[Records from a data collection]
== Segment start ==

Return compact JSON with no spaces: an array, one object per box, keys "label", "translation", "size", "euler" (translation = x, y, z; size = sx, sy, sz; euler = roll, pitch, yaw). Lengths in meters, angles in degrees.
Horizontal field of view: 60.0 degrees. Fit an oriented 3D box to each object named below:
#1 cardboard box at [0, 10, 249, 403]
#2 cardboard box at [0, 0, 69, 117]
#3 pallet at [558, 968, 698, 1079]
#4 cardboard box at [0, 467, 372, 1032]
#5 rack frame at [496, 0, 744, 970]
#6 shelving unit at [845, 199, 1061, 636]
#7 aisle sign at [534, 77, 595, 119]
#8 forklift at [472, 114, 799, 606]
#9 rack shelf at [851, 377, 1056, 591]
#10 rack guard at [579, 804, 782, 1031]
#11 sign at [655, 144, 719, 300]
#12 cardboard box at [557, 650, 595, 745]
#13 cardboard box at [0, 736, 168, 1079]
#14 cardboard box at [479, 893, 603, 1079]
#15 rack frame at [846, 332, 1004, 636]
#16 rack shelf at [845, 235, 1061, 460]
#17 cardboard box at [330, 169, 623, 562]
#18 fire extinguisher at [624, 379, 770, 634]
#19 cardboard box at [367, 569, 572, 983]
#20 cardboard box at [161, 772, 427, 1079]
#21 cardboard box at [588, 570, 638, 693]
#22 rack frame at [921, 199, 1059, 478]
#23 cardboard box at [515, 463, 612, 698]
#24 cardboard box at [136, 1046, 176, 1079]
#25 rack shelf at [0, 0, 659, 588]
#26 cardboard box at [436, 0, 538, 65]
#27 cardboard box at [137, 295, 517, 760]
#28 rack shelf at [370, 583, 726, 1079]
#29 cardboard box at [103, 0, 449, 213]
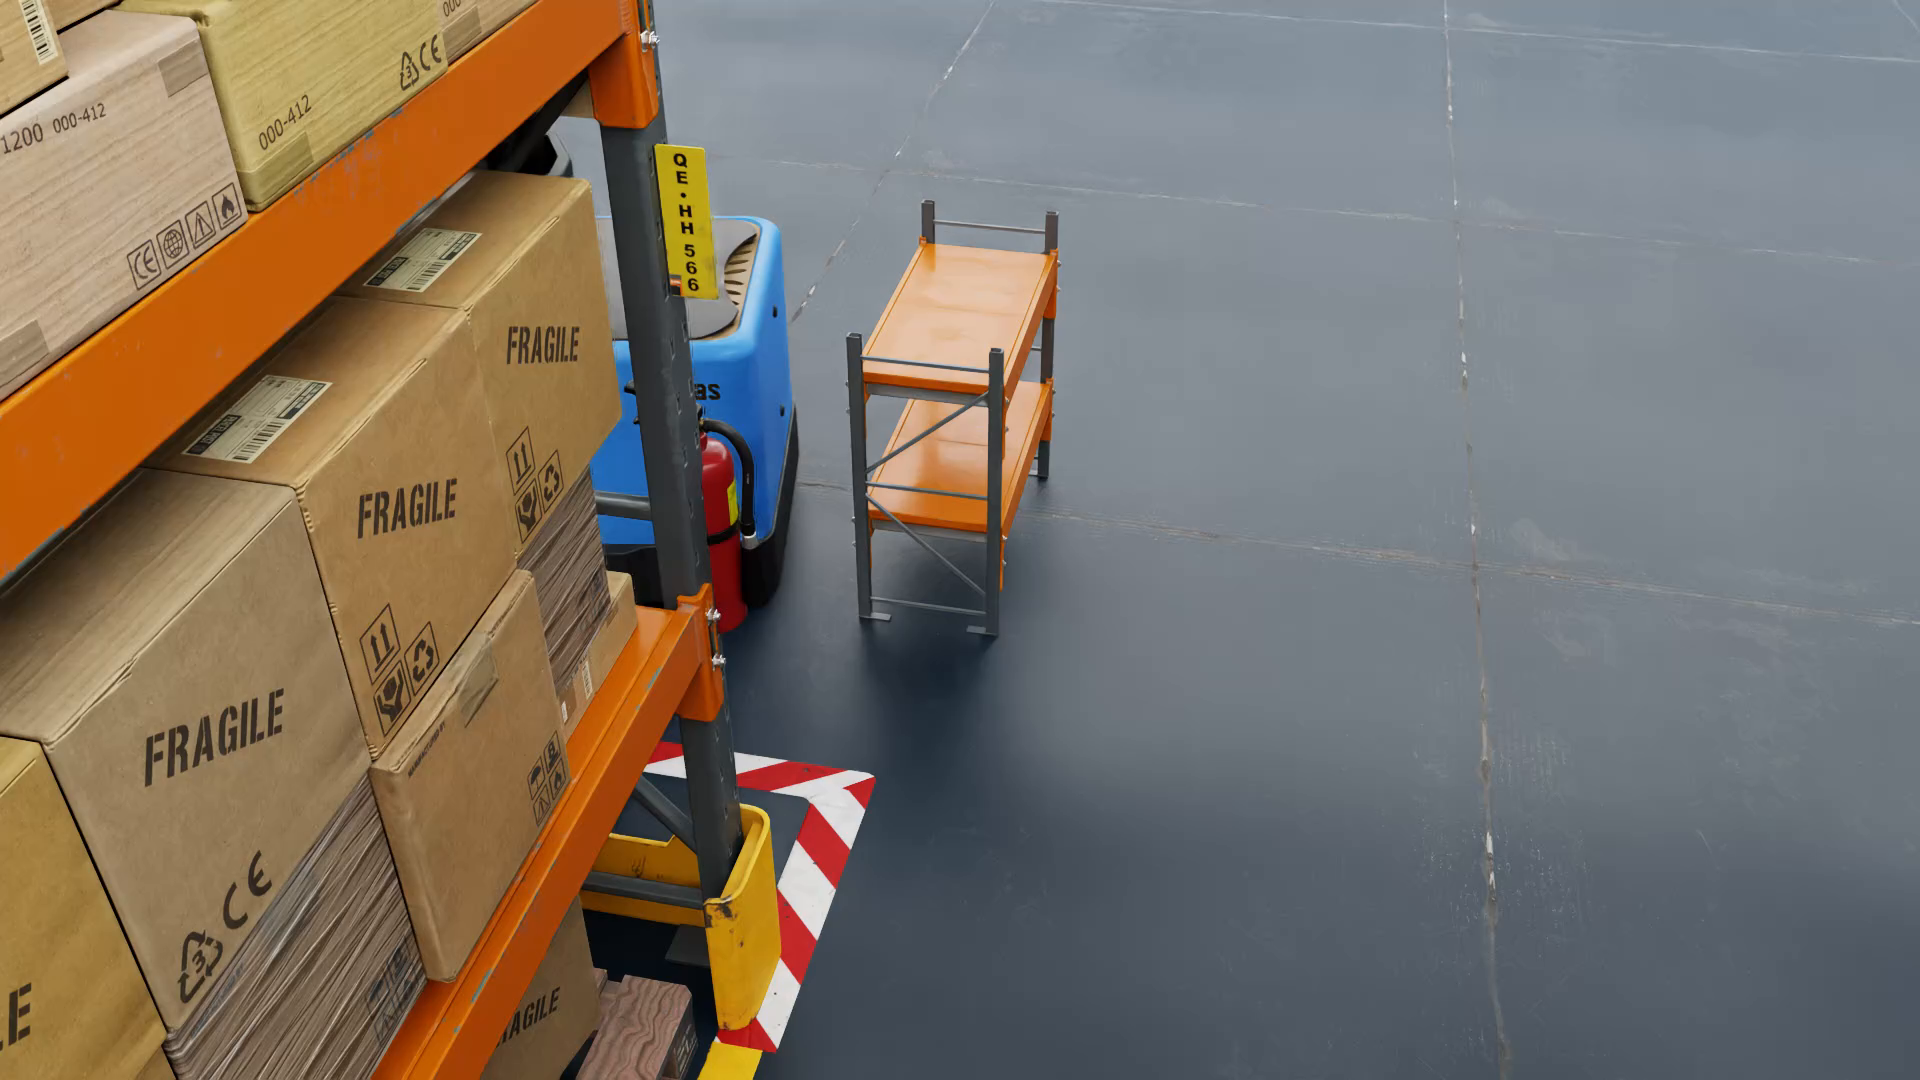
[{"label":"cardboard box","translation":[-1.156,-0.378,1.788],"size":[0.500,0.250,0.500],"euler":[8,37,11]},{"label":"cardboard box","translation":[-1.119,-0.484,1.594],"size":[0.380,0.149,0.250],"euler":[6,36,8]},{"label":"pallet","translation":[-1.304,1.522,3.970],"size":[1.003,0.211,1.213],"euler":[7,37,10]},{"label":"cardboard box","translation":[-1.166,0.242,2.169],"size":[0.500,0.500,0.500],"euler":[7,37,10]},{"label":"rack frame","translation":[-1.079,-0.112,3.849],"size":[1.000,3.000,0.127],"euler":[7,37,10]},{"label":"shelving unit","translation":[-0.001,-0.452,5.915],"size":[0.538,1.125,1.048],"euler":[7,37,10]},{"label":"aisle sign","translation":[-0.773,-1.163,3.083],"size":[0.394,0.787,0.004],"euler":[7,37,10]},{"label":"forklift","translation":[-2.155,-1.223,5.439],"size":[3.031,2.935,1.130],"euler":[0,36,0]},{"label":"rack shelf","translation":[-0.001,-0.254,6.058],"size":[0.538,0.278,1.000],"euler":[7,37,10]},{"label":"rack guard","translation":[-1.096,0.944,4.522],"size":[1.175,0.500,0.348],"euler":[7,37,10]},{"label":"sign","translation":[-0.541,-0.628,3.304],"size":[0.100,0.325,0.005],"euler":[7,37,10]},{"label":"cardboard box","translation":[-0.993,0.322,3.464],"size":[0.380,0.149,0.250],"euler":[7,37,10]},{"label":"cardboard box","translation":[-1.281,0.528,1.775],"size":[0.500,0.500,0.500],"euler":[7,37,10]},{"label":"cardboard box","translation":[-1.229,1.086,3.968],"size":[0.500,0.500,0.500],"euler":[14,38,19]},{"label":"rack frame","translation":[-0.110,-0.160,5.512],"size":[0.500,1.125,0.032],"euler":[7,37,10]},{"label":"rack shelf","translation":[-0.001,-0.689,5.743],"size":[0.538,0.278,1.000],"euler":[7,37,10]},{"label":"cardboard box","translation":[-0.955,-0.332,2.961],"size":[0.500,0.500,0.500],"euler":[7,37,10]},{"label":"fire extinguisher","translation":[-0.605,-0.089,3.882],"size":[0.296,0.674,0.183],"euler":[7,37,10]},{"label":"cardboard box","translation":[-1.213,0.340,2.885],"size":[0.875,0.500,0.500],"euler":[7,37,10]},{"label":"cardboard box","translation":[-1.362,0.622,2.497],"size":[0.875,0.500,0.500],"euler":[7,37,10]},{"label":"cardboard box","translation":[-0.939,0.179,3.661],"size":[0.380,0.149,0.250],"euler":[7,37,10]},{"label":"rack frame","translation":[0.107,-0.743,6.317],"size":[0.500,1.125,0.032],"euler":[7,37,10]},{"label":"cardboard box","translation":[-1.224,0.039,3.302],"size":[0.875,0.500,0.500],"euler":[7,37,10]},{"label":"cardboard box","translation":[-1.481,0.907,2.104],"size":[0.875,0.500,0.500],"euler":[7,37,10]},{"label":"rack shelf","translation":[-1.507,0.111,1.598],"size":[1.077,0.370,4.000],"euler":[7,37,10]},{"label":"cardboard box","translation":[-0.934,-0.958,2.587],"size":[0.500,0.250,0.500],"euler":[8,37,11]},{"label":"cardboard box","translation":[-1.057,-0.044,2.564],"size":[0.500,0.500,0.500],"euler":[7,37,10]},{"label":"rack shelf","translation":[-1.507,1.326,2.478],"size":[1.077,0.370,4.000],"euler":[7,37,10]},{"label":"cardboard box","translation":[-1.038,-0.671,2.192],"size":[0.500,0.250,0.500],"euler":[8,37,10]}]

== Segment end ==

# EXERCISE REQUIREMENTS
Which lines above contain "object"? Show each of them.

# ANSWER BOX
Return compact JSON with no spaces: an array, one object per box, keys "label", "translation", "size", "euler" (translation = x, y, z; size = sx, sy, sz; euler = roll, pitch, yaw). Lengths in meters, angles in degrees.
Horizontal field of view: 60.0 degrees. Fit an oriented 3D box to each object named below:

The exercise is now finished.